Lynch syndrome, a hereditary disorder can raise your risk of developing certain kinds of cancer before the age of 50. The syndrome is usually passed on from parents to children during foetal development and can lead to bowel cancer or colorectal cancer and endometrial or uterine cancer before the age of 50. While the condition doesn't directly cause cancer, but genetic mutations that run in the family can increase the likelihood of the disease. Prenatal screening tests can help detect this syndrome while genetic testing can help detect the disorder in children even after they are born. To tackle Lynch syndrome-related cancers, early detection is important. For that, regular colonoscopy, starting at a younger age are recommended. (Also read: Early bowel cancer signs and symptoms that should not be ignored)

"Lynch syndrome is an inherited condition that may raise the risk of developing many kinds of cancer, including bowel cancer and endometrial cancer before the age of 50. This syndrome occurs due to a genetic mutation in one of several types of genes involved in DNA mismatch repair. Genetic mutations are likely to transmit from parents to children during foetal development," says Dr Balkishan Gupta, Director, Minimal Invasive GI and Colorectal Surgeon, Marengo Asia Hospitals Faridabad.

"Lynch syndrome also known as HNPCC (Hereditary Non-Polyposis Colorectal Cancer) is an autosomal dominant condition that increases the risk of developing certain cancers, particularly bowel cancer. It results from mutations in genes that help to correct errors during DNA replication. Lynch syndrome patients have a higher incidence of bowel cancer in their lifetime and such other cancers as endometrial, ovarian, stomach and urinary tract cancers. These patients have an earlier presentation, i.e. younger age group. People with this condition face a much higher risk of developing colorectal cancer at ages below 50 years. This underscores the need for an early diagnosis through screening and surveillance in individuals having Lynch syndrome so that it can be detected rather earlier when it would be more easily treatable," says Dr Tanveer Abdul Majeed, Consultant, Surgical Oncology, Kokilaben Dhirubhai Ambani Hospital Navi Mumbai.

"To effectively tackle Lynch syndrome-related cancers, early detection is vital. Screening protocols typically involve genetic testing to identify individuals at risk and surveillance measures, such as regular colonoscopies, starting at a younger age. Genetic counselling plays a pivotal role in Lynch syndrome management, providing affected individuals and their families with personalized risk assessments, guidance on screening strategies, and support in making informed decisions regarding preventive measures, including prophylactic surgery," says Dr Kanuj Malik, Sr. Consultant-Surgical Oncology, Yatharth Hospitals.

Symptoms of Lynch syndrome

"Symptoms may vary from person to person. Most common symptoms of lynch syndrome that relates to colorectal cancer are bloody stool, constipation, abdominal pain or cramps, diarrhoea, fatigue, unexplained weight loss, bloating and Nausea or vomiting. On noticing these symptoms, you should consult a doctor immediately. Delay in treatment can result in worsening medical conditions turning fatal," says Dr Gupta.

Treatment

While there is no cure for Lynch syndrome itself, the most widely used treatments are followed to treat cancer occurred due to Lynch syndrome:

Chemotherapy: This uses medication to kill fast-growing cancer cells and prevent them from multiplying. Rather than targeting a specific area, these drugs travel through the bloodstream and destroy cancer cells throughout the body.

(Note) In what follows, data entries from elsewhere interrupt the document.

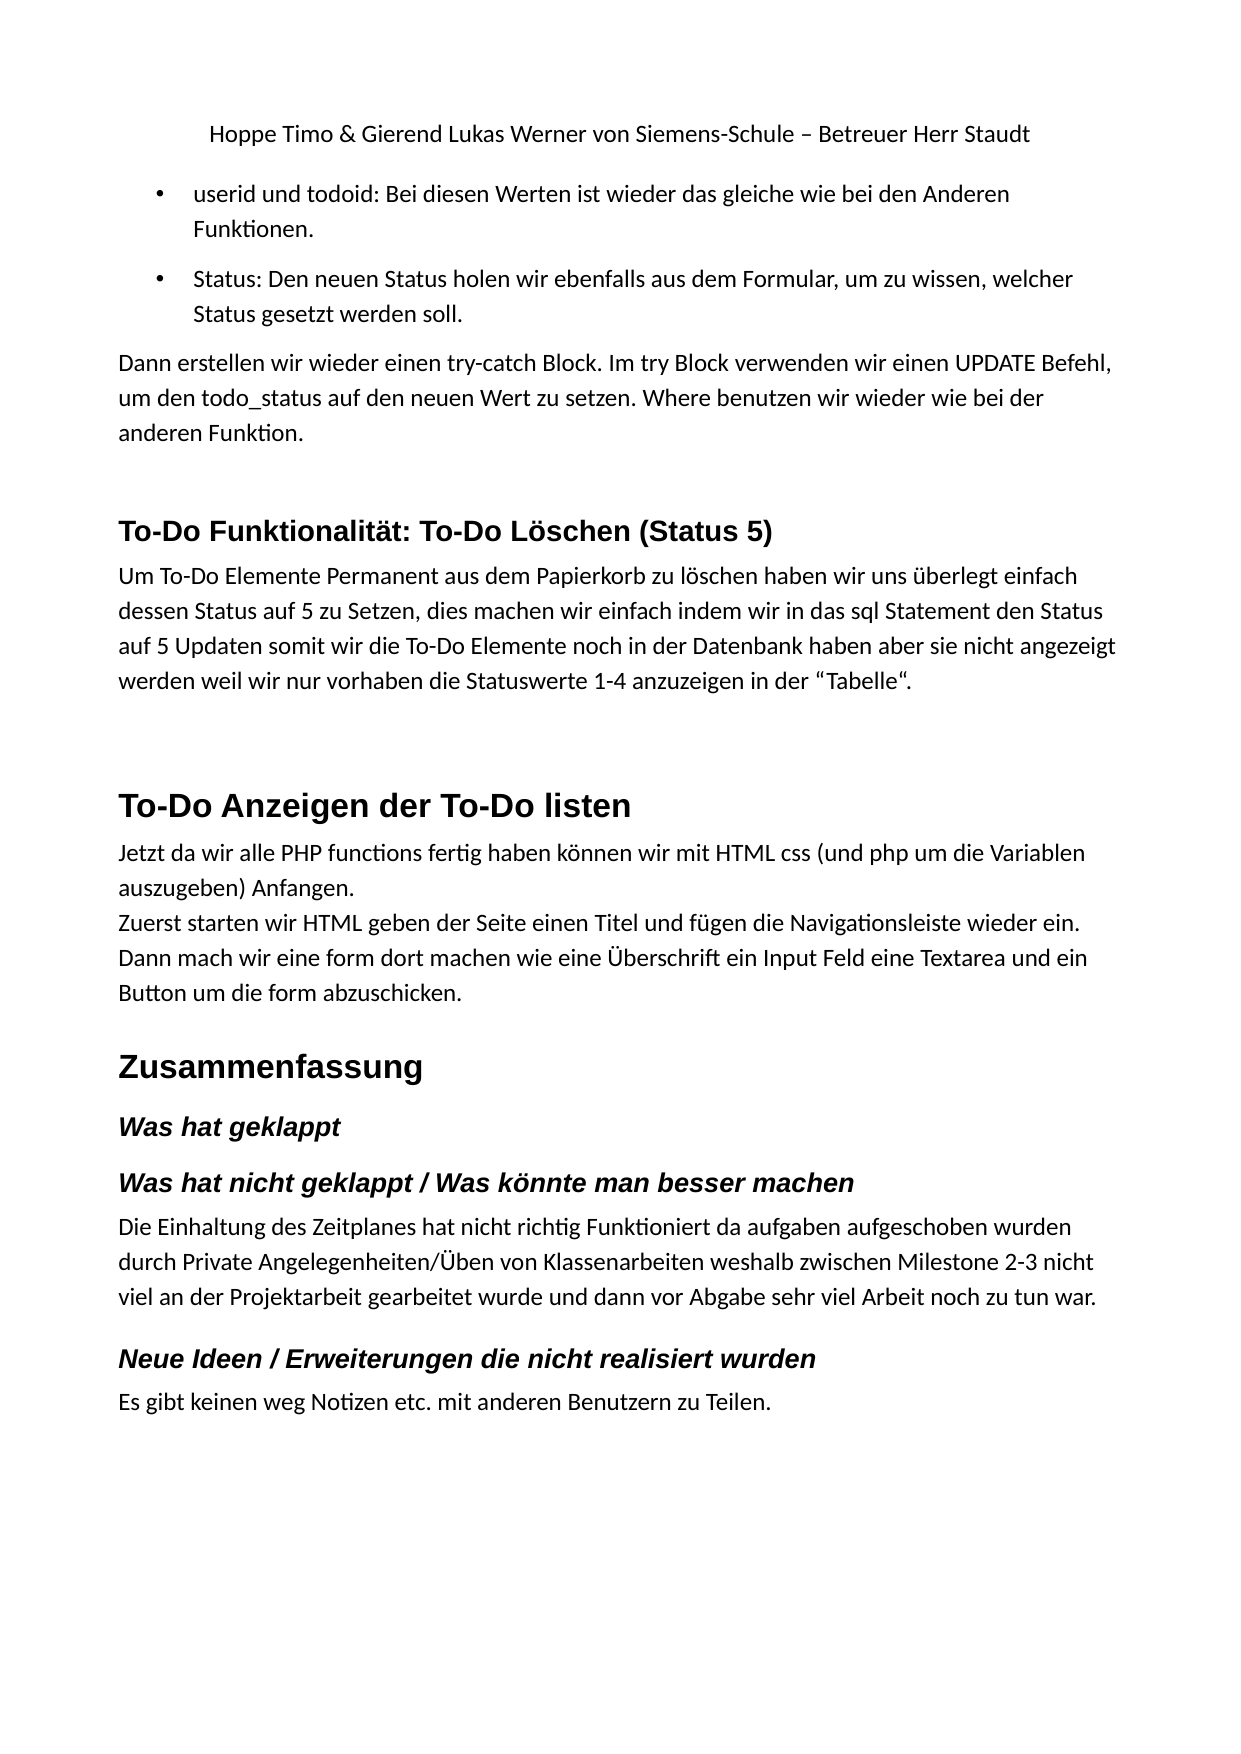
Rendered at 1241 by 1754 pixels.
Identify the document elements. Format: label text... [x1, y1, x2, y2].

text Die Einhaltung des Zeitplanes hat nicht richtig Funktioniert da aufgaben aufgeschoben wurden durch Private Angelegenheiten/Üben von Klassenarbeiten weshalb zwischen Milestone 2-3 nicht viel an der Projektarbeit gearbeitet wurde und dann vor Abgabe sehr viel Arbeit noch zu tun war. [118, 1211, 1122, 1311]
text Jetzt da wir alle PHP functions fertig haben können wir mit HTML css (und php um die Variablen auszugeben) Anfangen. Zuerst starten wir HTML geben der Seite einen Titel und fügen die Navigationsleiste wieder ein. Dann mach wir eine form dort machen wie eine Überschrift ein Input Feld eine Textarea und ein Button um die form abzuschicken. [118, 837, 1122, 1007]
subtitle Neue Ideen / Erweiterungen die nicht realisiert wurden [118, 1343, 1122, 1374]
subtitle Zusammenfassung [118, 1047, 1122, 1086]
text Um To-Do Elemente Permanent aus dem Papierkorb zu löschen haben wir uns überlegt einfach dessen Status auf 5 zu Setzen, dies machen wir einfach indem wir in das sql Statement den Status auf 5 Updaten somit wir die To-Do Elemente noch in der Datenbank haben aber sie nicht angezeigt werden weil wir nur vorhaben die Statuswerte 1-4 anzuzeigen in der “Tabelle“. [118, 561, 1122, 696]
text Dann erstellen wir wieder einen try-catch Block. Im try Block verwenden wir einen UPDATE Befehl, um den todo_status auf den neuen Wert zu setzen. Where benutzen wir wieder wie bei der anderen Funktion. [118, 347, 1122, 481]
subtitle To-Do Funktionalität: To-Do Löschen (Status 5) [118, 514, 1122, 548]
subtitle Was hat nicht geklappt / Was könnte man besser machen [118, 1167, 1122, 1198]
text Es gibt keinen weg Notizen etc. mit anderen Benutzern zu Teilen. [118, 1387, 1122, 1417]
subtitle To-Do Anzeigen der To-Do listen [118, 786, 1122, 824]
list userid und todoid: Bei diesen Werten ist wieder das gleiche wie bei den Anderen Funktionen. [156, 178, 1122, 244]
subtitle Was hat geklappt [118, 1111, 1122, 1142]
list Status: Den neuen Status holen wir ebenfalls aus dem Formular, um zu wissen, welcher Status gesetzt werden soll. [156, 263, 1122, 328]

Radiation Therapy: This uses high-powered radiation (such as x-rays or gamma rays), particles, or radioactive seeds to damage or destroy cancer cells in a specific area.

Surgery: This involves physical removal of a cancerous tumour. The size of the surgery depends on the stage and location of the cancer. However, Lynch syndrome patients with colon or endometrial cancer may be needed to have their entire colon or uterus removed due to the increased likelihood of recurrence.

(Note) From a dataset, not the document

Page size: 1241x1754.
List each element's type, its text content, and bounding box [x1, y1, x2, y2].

Testing for Lynch syndrome

Genetic testing can identify mutations linked to Lynch syndrome. This test can enable people to learn about their chances and take necessary actions to minimize it.

"People with this disorder may be advised to start undergoing regular colonoscopies at an earlier age so that any pre-cancerous growths (polyps) can be eliminated before they develop into full-blown cancer cases. Screening tests for women with Lynch syndrome should include surveillance for conditions such as endometrial cancer. Maintaining weight regulation, engaging in physical fitness regularly, and abstaining from smoking and alcohol are also recommended to manage the risk of cancer associated with Lynch syndrome. The screening test includes a transvaginal ultrasound (TVS), to diagnose increased endometrial thickening and in case of suspicion early hysteroscopy and curettage of endometrium help in improved survival of patients," says Dr Tanveer.